EXERCISE AIM —
Looking at the listing below, retype exactly the lines starting at the one containing "Your answer should be compact. 0.86." and ending at the one containing "Give a very brief answer. 2.47e+12.", both included, and nothing else.

....

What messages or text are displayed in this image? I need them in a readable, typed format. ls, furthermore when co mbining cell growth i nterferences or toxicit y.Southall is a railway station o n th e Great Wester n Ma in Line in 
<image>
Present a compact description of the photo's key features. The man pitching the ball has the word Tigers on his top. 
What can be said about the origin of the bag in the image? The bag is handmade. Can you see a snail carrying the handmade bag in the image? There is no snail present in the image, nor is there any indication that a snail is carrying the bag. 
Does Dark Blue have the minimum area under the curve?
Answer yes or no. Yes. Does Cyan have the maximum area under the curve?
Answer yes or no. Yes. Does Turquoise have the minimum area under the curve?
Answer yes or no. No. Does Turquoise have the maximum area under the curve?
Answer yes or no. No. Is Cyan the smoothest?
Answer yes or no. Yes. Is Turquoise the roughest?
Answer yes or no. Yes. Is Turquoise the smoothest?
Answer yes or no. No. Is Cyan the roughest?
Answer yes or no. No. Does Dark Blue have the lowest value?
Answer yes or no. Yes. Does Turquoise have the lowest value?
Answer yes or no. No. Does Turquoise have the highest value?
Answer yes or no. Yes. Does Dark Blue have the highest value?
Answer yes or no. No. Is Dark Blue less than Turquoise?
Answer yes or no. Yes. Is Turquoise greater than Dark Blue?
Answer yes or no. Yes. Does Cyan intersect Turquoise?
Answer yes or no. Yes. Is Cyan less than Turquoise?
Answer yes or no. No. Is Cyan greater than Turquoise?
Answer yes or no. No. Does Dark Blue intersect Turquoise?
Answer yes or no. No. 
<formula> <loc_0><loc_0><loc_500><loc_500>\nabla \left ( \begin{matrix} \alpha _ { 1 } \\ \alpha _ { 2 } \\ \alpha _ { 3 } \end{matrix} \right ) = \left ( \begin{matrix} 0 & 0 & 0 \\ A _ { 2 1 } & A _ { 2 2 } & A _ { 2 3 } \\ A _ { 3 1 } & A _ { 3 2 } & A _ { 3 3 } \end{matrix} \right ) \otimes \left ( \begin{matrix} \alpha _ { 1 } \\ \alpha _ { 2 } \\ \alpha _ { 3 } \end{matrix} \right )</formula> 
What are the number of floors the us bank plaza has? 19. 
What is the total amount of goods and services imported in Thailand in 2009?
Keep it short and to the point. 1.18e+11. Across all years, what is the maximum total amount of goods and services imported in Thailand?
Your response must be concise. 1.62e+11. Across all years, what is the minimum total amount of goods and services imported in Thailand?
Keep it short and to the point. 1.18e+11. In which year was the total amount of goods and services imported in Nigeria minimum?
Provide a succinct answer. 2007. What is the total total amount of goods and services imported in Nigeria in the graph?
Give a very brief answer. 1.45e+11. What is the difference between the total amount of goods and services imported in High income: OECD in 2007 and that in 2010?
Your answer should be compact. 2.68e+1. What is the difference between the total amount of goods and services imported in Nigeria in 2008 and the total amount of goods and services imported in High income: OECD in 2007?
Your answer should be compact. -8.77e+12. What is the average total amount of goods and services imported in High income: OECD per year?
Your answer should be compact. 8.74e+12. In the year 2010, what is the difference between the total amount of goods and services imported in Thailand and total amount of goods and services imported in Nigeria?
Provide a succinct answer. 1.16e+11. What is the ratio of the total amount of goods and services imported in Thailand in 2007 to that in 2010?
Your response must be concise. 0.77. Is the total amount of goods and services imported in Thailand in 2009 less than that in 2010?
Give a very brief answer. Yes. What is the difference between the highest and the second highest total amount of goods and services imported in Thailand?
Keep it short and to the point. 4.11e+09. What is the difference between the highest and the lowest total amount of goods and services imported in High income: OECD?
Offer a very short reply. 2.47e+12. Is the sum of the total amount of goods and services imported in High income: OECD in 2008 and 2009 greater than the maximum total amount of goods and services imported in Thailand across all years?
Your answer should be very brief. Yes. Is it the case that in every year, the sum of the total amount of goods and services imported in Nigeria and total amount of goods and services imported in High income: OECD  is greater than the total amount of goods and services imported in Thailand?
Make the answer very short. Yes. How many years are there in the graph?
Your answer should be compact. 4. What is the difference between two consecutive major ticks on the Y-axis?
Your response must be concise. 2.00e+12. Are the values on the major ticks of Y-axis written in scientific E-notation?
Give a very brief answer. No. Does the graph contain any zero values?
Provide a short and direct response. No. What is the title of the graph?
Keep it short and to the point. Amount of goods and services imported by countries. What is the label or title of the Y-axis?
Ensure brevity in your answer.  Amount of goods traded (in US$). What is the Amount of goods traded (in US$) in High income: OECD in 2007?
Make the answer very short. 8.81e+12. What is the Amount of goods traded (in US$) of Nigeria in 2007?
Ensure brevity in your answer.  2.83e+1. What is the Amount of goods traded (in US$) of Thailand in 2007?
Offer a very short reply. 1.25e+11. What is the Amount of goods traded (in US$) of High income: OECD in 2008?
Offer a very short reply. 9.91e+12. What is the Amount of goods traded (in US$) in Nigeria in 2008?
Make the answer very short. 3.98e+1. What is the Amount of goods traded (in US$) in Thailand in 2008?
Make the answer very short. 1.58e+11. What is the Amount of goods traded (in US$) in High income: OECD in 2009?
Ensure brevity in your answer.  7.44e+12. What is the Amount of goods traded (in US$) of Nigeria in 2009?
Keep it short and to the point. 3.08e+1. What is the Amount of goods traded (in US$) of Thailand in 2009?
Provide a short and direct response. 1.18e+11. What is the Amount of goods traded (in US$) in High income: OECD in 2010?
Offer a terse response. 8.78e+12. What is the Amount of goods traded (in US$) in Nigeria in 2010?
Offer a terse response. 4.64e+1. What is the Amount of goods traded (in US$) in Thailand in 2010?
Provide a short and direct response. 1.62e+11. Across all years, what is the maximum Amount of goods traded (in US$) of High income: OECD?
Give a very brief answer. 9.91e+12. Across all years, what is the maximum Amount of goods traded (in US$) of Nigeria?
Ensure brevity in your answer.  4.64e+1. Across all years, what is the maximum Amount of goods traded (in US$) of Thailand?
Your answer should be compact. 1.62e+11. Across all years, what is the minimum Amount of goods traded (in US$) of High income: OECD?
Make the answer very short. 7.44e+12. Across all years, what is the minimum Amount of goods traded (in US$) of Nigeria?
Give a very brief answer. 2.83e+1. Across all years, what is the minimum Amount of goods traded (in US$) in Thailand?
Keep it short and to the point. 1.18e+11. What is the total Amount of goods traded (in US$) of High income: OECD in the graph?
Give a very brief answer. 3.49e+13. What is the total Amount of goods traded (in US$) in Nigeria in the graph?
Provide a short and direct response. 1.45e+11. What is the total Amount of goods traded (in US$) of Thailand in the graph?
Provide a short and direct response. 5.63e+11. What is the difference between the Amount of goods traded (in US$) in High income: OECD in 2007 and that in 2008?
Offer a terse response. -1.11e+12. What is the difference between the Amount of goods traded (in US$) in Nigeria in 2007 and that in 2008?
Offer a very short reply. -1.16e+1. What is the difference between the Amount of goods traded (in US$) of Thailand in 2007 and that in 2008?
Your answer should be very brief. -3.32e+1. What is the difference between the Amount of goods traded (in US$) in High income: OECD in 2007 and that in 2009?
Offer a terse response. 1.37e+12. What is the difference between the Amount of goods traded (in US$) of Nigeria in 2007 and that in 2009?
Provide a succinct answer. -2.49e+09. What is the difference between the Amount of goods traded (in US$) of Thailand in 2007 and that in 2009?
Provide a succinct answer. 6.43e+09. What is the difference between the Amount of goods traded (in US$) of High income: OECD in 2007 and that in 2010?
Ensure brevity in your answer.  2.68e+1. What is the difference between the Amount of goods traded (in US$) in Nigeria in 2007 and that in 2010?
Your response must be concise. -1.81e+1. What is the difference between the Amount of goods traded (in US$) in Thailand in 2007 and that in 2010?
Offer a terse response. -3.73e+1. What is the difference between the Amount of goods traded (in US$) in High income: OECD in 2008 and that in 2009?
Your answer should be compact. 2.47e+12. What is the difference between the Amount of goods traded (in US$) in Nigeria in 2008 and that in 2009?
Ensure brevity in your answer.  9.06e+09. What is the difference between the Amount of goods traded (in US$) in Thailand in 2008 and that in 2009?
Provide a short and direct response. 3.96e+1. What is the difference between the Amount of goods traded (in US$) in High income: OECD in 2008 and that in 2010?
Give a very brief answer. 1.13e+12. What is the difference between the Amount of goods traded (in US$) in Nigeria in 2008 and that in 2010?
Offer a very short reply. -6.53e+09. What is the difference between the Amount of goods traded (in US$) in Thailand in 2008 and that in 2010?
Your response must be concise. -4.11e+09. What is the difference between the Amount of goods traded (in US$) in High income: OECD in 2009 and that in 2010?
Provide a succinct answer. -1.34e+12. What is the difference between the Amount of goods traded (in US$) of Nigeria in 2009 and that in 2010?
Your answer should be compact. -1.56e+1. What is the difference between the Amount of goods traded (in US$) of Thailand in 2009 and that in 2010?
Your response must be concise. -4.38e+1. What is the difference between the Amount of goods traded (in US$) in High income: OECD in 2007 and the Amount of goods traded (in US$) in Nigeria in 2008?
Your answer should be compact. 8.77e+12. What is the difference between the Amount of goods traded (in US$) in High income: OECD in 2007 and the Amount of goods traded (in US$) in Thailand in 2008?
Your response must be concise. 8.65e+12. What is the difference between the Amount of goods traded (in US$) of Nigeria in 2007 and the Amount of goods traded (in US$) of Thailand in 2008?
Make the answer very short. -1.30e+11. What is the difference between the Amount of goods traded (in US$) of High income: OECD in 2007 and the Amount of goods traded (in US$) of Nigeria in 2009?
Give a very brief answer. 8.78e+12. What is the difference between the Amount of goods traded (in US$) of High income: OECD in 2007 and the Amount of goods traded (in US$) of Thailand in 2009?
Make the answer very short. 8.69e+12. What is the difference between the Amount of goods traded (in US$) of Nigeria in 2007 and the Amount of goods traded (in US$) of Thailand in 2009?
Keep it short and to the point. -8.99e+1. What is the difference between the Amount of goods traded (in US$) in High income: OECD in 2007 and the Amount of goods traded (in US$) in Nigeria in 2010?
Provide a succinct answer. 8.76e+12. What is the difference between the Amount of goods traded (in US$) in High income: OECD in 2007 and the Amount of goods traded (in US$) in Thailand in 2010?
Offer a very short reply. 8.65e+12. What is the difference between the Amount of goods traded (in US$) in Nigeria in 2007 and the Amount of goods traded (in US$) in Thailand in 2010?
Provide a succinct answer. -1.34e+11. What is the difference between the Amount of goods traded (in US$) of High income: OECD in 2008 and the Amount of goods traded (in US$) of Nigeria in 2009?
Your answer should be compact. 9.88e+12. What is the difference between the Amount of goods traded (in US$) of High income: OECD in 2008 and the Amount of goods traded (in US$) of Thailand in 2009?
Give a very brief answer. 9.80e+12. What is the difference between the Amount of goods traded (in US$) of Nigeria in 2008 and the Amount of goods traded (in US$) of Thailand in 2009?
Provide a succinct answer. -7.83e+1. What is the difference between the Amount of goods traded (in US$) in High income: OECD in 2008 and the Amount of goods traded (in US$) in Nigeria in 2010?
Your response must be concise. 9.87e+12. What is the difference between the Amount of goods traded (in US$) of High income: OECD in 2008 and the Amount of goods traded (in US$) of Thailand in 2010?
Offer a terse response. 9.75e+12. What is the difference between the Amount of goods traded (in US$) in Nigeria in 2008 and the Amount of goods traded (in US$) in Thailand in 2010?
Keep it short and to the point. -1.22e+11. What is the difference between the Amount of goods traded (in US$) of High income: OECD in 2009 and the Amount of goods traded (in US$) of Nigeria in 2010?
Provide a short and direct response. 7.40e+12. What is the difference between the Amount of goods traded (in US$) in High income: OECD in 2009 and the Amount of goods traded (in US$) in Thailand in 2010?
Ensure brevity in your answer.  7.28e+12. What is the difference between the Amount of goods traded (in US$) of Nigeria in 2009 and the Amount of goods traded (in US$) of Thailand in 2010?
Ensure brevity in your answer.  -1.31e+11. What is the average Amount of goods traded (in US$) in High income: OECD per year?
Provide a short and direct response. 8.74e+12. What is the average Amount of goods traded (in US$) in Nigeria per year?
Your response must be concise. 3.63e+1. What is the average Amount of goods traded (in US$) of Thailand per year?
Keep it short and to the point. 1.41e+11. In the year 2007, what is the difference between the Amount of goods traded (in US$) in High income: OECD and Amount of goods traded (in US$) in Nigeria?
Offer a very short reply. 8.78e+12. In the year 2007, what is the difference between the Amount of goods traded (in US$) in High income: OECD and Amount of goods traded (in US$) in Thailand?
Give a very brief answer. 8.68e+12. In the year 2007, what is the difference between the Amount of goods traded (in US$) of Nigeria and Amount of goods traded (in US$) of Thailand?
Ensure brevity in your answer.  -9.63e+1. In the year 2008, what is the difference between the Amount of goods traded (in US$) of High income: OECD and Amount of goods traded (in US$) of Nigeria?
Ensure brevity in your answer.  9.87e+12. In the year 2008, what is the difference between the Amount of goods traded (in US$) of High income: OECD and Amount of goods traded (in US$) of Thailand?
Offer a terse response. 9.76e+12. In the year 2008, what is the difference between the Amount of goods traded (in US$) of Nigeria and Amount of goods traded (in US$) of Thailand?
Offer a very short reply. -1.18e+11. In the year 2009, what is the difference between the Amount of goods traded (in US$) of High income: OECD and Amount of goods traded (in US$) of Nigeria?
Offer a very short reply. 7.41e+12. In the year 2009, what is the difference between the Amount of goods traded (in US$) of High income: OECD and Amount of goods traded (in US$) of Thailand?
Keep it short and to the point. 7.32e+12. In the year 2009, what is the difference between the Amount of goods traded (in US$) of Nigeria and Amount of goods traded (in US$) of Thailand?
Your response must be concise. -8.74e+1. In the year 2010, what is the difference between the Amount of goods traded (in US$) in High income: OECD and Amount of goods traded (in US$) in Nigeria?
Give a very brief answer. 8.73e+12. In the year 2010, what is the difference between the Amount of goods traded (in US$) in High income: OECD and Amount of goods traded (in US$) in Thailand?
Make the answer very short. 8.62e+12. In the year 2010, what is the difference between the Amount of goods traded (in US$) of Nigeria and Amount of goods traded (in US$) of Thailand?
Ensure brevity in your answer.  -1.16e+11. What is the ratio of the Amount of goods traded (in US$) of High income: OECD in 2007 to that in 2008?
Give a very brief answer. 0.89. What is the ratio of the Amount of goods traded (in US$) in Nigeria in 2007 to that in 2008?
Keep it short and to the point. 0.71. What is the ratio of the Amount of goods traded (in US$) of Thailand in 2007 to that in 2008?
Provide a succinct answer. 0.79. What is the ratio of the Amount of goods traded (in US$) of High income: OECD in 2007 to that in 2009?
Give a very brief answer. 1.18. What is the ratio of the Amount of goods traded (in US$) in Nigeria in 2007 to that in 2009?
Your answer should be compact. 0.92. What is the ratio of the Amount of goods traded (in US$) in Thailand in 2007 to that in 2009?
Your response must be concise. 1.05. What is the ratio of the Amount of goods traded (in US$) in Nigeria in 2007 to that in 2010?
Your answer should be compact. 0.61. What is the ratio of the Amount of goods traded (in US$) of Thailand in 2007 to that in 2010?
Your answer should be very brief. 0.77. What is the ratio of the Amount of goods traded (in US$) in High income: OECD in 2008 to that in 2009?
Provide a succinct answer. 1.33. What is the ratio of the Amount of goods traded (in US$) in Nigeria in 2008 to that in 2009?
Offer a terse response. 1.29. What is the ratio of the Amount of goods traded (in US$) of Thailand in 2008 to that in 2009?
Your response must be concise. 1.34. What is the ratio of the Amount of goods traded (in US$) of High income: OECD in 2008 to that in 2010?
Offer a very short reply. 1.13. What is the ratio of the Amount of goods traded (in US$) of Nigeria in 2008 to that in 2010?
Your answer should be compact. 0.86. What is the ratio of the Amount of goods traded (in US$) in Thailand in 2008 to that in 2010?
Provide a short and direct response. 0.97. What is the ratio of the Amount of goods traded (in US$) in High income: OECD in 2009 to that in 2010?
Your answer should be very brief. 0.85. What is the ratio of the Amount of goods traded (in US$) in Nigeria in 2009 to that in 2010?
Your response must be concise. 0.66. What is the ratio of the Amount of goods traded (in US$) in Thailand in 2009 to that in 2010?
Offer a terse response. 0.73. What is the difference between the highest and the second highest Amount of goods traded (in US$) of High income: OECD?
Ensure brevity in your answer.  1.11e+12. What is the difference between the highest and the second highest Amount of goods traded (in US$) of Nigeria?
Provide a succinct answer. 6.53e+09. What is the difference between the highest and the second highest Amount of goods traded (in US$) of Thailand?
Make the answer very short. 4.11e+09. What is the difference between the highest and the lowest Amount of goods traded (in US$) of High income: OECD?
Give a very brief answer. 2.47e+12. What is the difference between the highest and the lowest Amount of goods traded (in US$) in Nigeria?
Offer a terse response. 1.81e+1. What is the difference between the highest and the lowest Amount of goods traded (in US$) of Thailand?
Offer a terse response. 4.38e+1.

....

ANSWER BOX —
Your answer should be compact. 0.86. What is the ratio of the Amount of goods traded (in US$) in Thailand in 2008 to that in 2010?
Provide a short and direct response. 0.97. What is the ratio of the Amount of goods traded (in US$) in High income: OECD in 2009 to that in 2010?
Your answer should be very brief. 0.85. What is the ratio of the Amount of goods traded (in US$) in Nigeria in 2009 to that in 2010?
Your response must be concise. 0.66. What is the ratio of the Amount of goods traded (in US$) in Thailand in 2009 to that in 2010?
Offer a terse response. 0.73. What is the difference between the highest and the second highest Amount of goods traded (in US$) of High income: OECD?
Ensure brevity in your answer.  1.11e+12. What is the difference between the highest and the second highest Amount of goods traded (in US$) of Nigeria?
Provide a succinct answer. 6.53e+09. What is the difference between the highest and the second highest Amount of goods traded (in US$) of Thailand?
Make the answer very short. 4.11e+09. What is the difference between the highest and the lowest Amount of goods traded (in US$) of High income: OECD?
Give a very brief answer. 2.47e+12. What is the difference between the highest and the lowest Amount of goods traded (in US$) in Nigeria?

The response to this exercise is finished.